Exercise description —
As the answer, give every line of the records that includes the word "contain".
____________________
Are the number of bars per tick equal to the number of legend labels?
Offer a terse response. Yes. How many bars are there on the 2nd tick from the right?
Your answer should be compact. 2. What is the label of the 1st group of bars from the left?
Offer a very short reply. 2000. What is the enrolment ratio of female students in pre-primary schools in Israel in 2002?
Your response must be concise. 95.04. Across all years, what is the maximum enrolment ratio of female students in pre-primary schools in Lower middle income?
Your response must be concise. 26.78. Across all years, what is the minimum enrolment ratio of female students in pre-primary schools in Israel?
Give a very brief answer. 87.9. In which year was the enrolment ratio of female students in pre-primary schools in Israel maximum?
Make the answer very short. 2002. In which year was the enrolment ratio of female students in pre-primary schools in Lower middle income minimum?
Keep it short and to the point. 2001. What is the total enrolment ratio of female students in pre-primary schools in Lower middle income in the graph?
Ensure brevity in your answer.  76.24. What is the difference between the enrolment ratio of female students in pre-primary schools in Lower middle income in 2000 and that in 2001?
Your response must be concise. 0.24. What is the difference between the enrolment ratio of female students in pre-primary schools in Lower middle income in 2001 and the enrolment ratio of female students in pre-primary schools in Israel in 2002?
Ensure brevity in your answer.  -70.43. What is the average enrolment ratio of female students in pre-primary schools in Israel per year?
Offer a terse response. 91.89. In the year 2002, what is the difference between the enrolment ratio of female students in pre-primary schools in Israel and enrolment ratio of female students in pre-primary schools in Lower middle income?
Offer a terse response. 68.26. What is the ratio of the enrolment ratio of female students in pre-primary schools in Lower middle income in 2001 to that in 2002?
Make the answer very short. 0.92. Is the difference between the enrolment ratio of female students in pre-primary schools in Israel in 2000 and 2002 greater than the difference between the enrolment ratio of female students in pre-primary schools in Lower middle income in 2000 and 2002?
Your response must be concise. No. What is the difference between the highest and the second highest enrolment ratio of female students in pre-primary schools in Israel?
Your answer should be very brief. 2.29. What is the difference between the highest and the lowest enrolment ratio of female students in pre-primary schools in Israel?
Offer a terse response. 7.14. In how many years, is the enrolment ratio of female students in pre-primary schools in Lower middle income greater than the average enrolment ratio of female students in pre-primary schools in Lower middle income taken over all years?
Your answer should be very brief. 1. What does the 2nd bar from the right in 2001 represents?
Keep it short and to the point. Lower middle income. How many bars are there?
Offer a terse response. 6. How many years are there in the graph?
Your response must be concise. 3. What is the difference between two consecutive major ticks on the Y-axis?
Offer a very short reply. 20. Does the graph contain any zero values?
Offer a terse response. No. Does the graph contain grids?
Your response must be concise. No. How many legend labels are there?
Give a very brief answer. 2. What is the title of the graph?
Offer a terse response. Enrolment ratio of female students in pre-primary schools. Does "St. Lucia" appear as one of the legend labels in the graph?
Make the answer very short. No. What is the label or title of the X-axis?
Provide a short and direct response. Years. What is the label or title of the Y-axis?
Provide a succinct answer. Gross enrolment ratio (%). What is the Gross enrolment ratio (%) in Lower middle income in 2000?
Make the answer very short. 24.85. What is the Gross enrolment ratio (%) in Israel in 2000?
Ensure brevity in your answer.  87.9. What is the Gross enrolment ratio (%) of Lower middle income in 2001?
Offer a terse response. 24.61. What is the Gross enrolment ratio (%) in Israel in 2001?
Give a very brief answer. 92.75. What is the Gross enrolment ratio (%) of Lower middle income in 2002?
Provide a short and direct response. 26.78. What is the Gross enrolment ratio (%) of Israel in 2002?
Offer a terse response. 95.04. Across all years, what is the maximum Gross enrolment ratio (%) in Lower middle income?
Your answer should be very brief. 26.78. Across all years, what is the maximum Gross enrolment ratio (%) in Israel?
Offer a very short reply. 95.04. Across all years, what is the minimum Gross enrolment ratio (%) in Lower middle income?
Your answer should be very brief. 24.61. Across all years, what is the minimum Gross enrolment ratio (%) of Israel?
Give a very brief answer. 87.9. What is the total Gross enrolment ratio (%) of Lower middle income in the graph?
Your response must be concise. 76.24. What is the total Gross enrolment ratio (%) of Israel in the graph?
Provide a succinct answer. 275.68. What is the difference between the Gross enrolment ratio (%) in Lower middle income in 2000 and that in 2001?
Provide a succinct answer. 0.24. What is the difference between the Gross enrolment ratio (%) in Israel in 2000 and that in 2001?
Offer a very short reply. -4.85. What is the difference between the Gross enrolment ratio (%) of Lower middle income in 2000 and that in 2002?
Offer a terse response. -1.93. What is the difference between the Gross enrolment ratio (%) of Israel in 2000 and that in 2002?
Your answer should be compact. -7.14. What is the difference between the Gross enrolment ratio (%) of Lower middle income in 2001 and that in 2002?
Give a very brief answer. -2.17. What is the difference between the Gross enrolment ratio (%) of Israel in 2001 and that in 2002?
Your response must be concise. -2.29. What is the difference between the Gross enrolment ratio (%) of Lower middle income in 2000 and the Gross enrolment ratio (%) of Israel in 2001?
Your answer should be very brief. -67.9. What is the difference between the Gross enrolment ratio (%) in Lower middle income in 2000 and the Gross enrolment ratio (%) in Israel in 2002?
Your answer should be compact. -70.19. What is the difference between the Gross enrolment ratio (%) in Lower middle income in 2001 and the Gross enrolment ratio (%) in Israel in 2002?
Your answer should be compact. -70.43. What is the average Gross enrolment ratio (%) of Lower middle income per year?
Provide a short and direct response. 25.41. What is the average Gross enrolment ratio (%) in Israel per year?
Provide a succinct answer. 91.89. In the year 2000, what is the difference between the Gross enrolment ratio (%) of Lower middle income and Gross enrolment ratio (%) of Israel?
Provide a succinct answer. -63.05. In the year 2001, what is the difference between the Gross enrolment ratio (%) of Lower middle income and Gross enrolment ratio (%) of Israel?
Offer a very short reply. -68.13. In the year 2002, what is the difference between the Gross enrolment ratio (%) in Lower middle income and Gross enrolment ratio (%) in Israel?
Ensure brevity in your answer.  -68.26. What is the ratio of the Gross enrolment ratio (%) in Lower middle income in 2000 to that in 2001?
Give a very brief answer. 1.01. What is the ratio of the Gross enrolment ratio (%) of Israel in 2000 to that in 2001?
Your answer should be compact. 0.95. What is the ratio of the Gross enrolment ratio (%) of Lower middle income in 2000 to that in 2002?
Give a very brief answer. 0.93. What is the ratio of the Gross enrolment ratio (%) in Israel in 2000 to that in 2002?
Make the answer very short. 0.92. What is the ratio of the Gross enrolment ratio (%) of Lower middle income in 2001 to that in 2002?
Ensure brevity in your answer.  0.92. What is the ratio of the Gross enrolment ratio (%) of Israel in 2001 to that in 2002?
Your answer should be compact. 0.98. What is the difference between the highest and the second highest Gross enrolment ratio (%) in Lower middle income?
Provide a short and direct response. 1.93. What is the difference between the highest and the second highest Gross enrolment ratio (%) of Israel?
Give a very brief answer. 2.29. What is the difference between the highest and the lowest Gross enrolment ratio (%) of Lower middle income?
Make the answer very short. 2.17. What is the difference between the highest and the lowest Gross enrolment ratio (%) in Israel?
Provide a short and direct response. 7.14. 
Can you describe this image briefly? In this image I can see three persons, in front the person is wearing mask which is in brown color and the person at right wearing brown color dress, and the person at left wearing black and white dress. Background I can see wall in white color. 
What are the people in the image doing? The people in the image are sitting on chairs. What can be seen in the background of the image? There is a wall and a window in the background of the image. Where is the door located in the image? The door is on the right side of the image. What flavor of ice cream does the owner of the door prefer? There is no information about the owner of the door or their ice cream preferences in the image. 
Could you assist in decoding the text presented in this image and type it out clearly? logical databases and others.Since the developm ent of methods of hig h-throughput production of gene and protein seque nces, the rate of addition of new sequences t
____________________
Written solution —
Offer a very short reply. 20. Does the graph contain any zero values?
Offer a terse response. No. Does the graph contain grids?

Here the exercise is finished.